In many cases, the objective function is not given by a specific formula but is only given in the form of an evaluation process. For example, if the objective is to find the best number of pistons $k$ in an engine to maximize the mileage per gallon $f(k)$, $f$ does not have an analytical formulation. In this example, the objective function presents the additional difficulty of having a discrete domain, namely the set of positive natural numbers $k\in\mathbb{N}^{*}$. In discrete optimization, necessary conditions, sufficient conditions and gradient based algorithms are inapplicable.
Nevertheless, $f$ can still be evaluated for any candidate solution that might be considered. In the previous example, $f(k)$ can be evaluated by actually building an engine with $k$ pistons and measuring the mileage per gallon empirically, clearly a costly process.
A problem such as the one we just described is known as a black-box optimization problem.
$$\min_{\mathbf{x}\in\dom f}f(\mathbf{x}),$$
where the only available operation on $f$ is evaluation, namely obtaining $f(\mathbf{x})$ from any given value $\mathbf{x}$.
Then the above problem is referred to as a black-box optimization problem.
The efficiency of black box optimization strategies is usually measured in terms of the number of evaluations to reach a target value or reciprocally in terms of the target value attainable for a given number of evaluations.
In this context, stochastic optimization algorithms propose to iteratively try new candidate solutions based on a probability distribution on the domain of $f$. Consider for instance the example of uniform random search which consists in repeatedly sampling candidate solutions in a uniform distribution over $\dom f$, i.e. $\mathbf{x}_{t}\sim\mathcal{U}(\dom f)$, and returning the best candidate found so far (see the algorithm below).
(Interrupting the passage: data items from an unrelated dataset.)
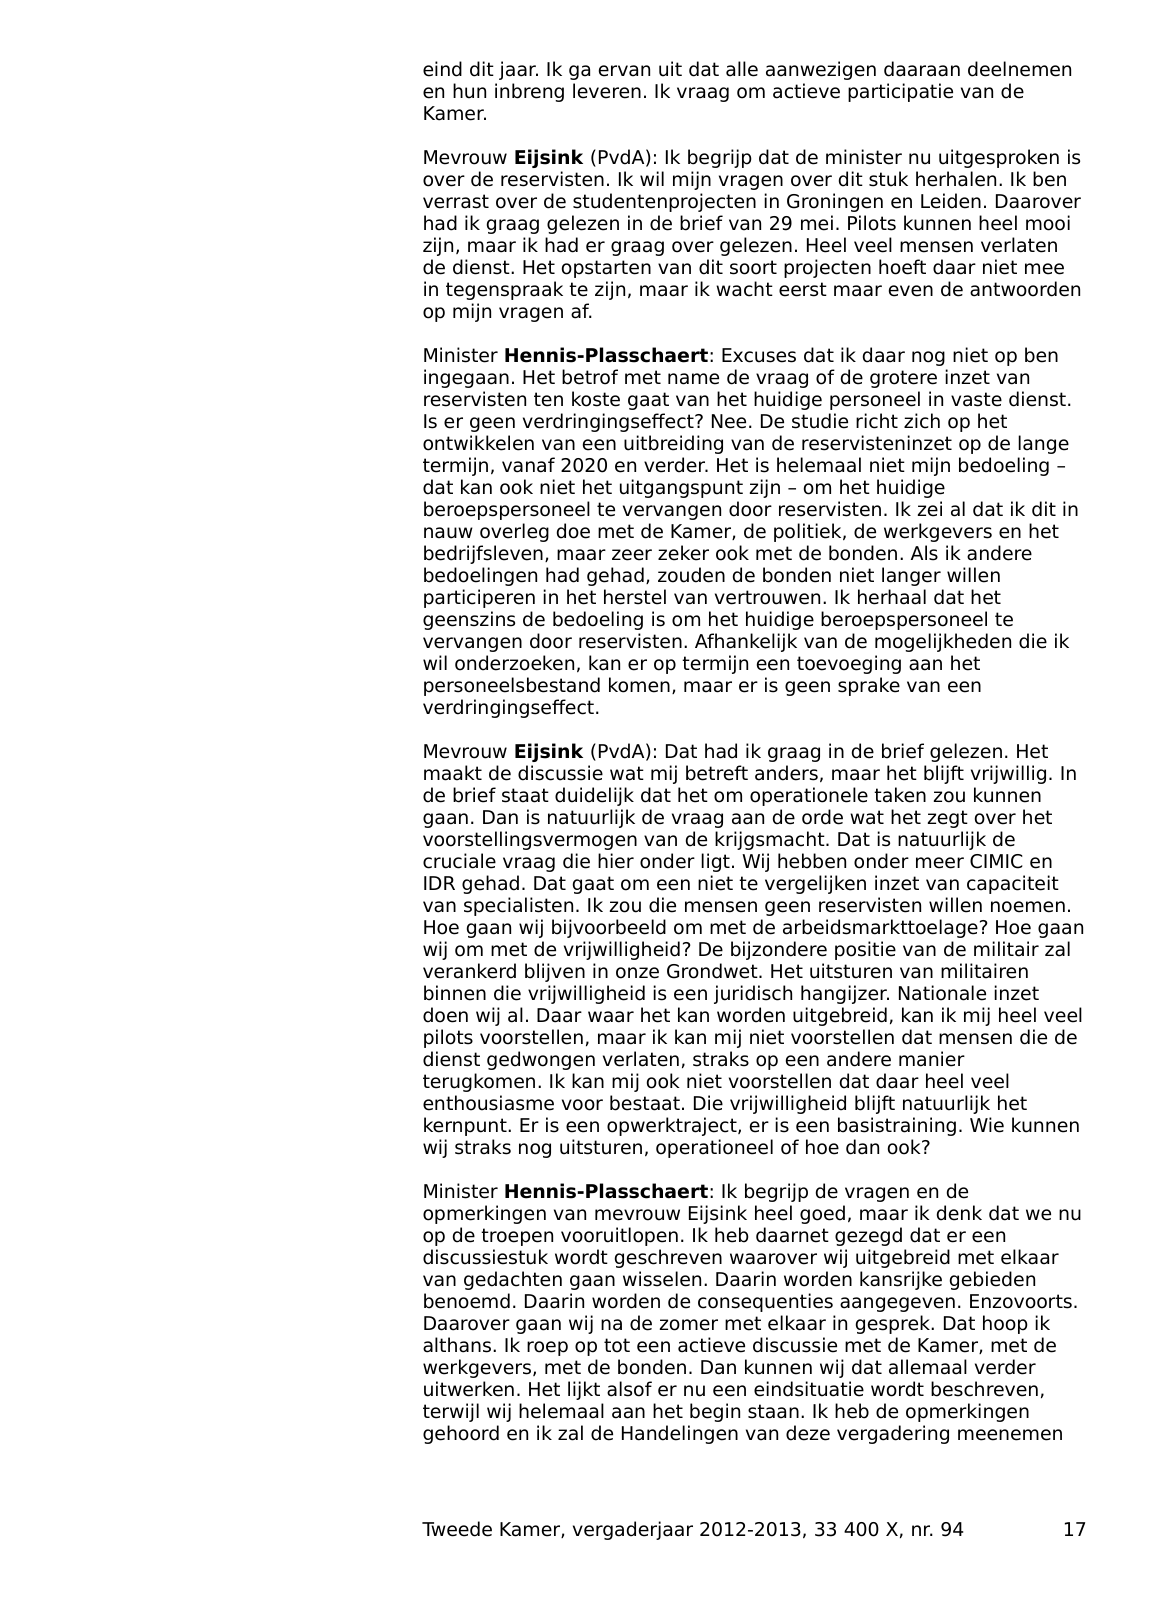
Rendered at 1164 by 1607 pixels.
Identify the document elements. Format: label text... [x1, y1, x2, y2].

text Mevrouw Eijsink (PvdA): Dat had ik graag in de brief gelezen. Het maakt de discussie wat mij betreft anders, maar het blijft vrijwillig. In de brief staat duidelijk dat het om operationele taken zou kunnen gaan. Dan is natuurlijk de vraag aan de orde wat het zegt over het voorstellingsvermogen van de krijgsmacht. Dat is natuurlijk de cruciale vraag die hier onder ligt. Wij hebben onder meer CIMIC en IDR gehad. Dat gaat om een niet te vergelijken inzet van capaciteit van specialisten. Ik zou die mensen geen reservisten willen noemen. Hoe gaan wij bijvoorbeeld om met de arbeidsmarkttoelage? Hoe gaan wij om met de vrijwilligheid? De bijzondere positie van de militair zal verankerd blijven in onze Grondwet. Het uitsturen van militairen binnen die vrijwilligheid is een juridisch hangijzer. Nationale inzet doen wij al. Daar waar het kan worden uitgebreid, kan ik mij heel veel pilots voorstellen, maar ik kan mij niet voorstellen dat mensen die de dienst gedwongen verlaten, straks op een andere manier terugkomen. Ik kan mij ook niet voorstellen dat daar heel veel enthousiasme voor bestaat. Die vrijwilligheid blijft natuurlijk het kernpunt. Er is een opwerktraject, er is een basistraining. Wie kunnen wij straks nog uitsturen, operationeel of hoe dan ook? [422, 741, 1087, 1159]
text Mevrouw Eijsink (PvdA): Ik begrijp dat de minister nu uitgesproken is over de reservisten. Ik wil mijn vragen over dit stuk herhalen. Ik ben verrast over de studentenprojecten in Groningen en Leiden. Daarover had ik graag gelezen in de brief van 29 mei. Pilots kunnen heel mooi zijn, maar ik had er graag over gelezen. Heel veel mensen verlaten de dienst. Het opstarten van dit soort projecten hoeft daar niet mee in tegenspraak te zijn, maar ik wacht eerst maar even de antwoorden op mijn vragen af. [422, 147, 1087, 323]
text Minister Hennis-Plasschaert: Excuses dat ik daar nog niet op ben ingegaan. Het betrof met name de vraag of de grotere inzet van reservisten ten koste gaat van het huidige personeel in vaste dienst. Is er geen verdringingseffect? Nee. De studie richt zich op het ontwikkelen van een uitbreiding van de reservisteninzet op de lange termijn, vanaf 2020 en verder. Het is helemaal niet mijn bedoeling – dat kan ook niet het uitgangspunt zijn – om het huidige beroepspersoneel te vervangen door reservisten. Ik zei al dat ik dit in nauw overleg doe met de Kamer, de politiek, de werkgevers en het bedrijfsleven, maar zeer zeker ook met de bonden. Als ik andere bedoelingen had gehad, zouden de bonden niet langer willen participeren in het herstel van vertrouwen. Ik herhaal dat het geenszins de bedoeling is om het huidige beroepspersoneel te vervangen door reservisten. Afhankelijk van de mogelijkheden die ik wil onderzoeken, kan er op termijn een toevoeging aan het personeelsbestand komen, maar er is geen sprake van een verdringingseffect. [422, 345, 1087, 719]
text eind dit jaar. Ik ga ervan uit dat alle aanwezigen daaraan deelnemen en hun inbreng leveren. Ik vraag om actieve participatie van de Kamer. [422, 59, 1087, 125]
text Minister Hennis-Plasschaert: Ik begrijp de vragen en de opmerkingen van mevrouw Eijsink heel goed, maar ik denk dat we nu op de troepen vooruitlopen. Ik heb daarnet gezegd dat er een discussiestuk wordt geschreven waarover wij uitgebreid met elkaar van gedachten gaan wisselen. Daarin worden kansrijke gebieden benoemd. Daarin worden de consequenties aangegeven. Enzovoorts. Daarover gaan wij na de zomer met elkaar in gesprek. Dat hoop ik althans. Ik roep op tot een actieve discussie met de Kamer, met de werkgevers, met de bonden. Dan kunnen wij dat allemaal verder uitwerken. Het lijkt alsof er nu een eindsituatie wordt beschreven, terwijl wij helemaal aan het begin staan. Ik heb de opmerkingen gehoord en ik zal de Handelingen van deze vergadering meenemen [422, 1181, 1087, 1444]

Inputs: | $f$, a function. $\delta\hspace{-1pt}t$, the step size. |
Outputs: | $\hat{\mathbf{x}}$, approximation of a global minimum. |
Variables: | $\mathbf{x}_{t}$, candidate solution of the algorithm at time t. |
$\mathbf{x}_{0}\sim\mathcal{U}(\dom f)$
$\hat{\mathbf{x}}:=\mathbf{x}_{0}$
$\mathbf{x}_{t+1}\sim\mathcal{U}(\dom f)$
if $f(\mathbf{x}_{t+1}) < f(\hat{\mathbf{x}})$ then $\hat{\mathbf{x}}:=\mathbf{x}_{t+1}$
return best guess so far $\hat{\mathbf{x}}$.
end
Although this algorithm does not seem very efficient (statements about the superiority of a particular optimization method should always be considered in the light of the no free lunch theorem [Wolpert1997]), which states that no optimization algorithm is strictly better than another on all problems), it has a number of interesting properties. First, it is a global optimization method and never gets stuck into local minima; second, there is a guarantee that each step can only improve performance. Finally, this algorithm is capable of ignoring dimensions which are not relevant to the problem and can therefore be much more efficient than a grid search approach [Bergstra2012].
An interesting improvement of this method concerns the possibility of adapting the probability distribution based on past observations. In essence, the goal is then to learn from previous attempts, where better values might be located in the search space.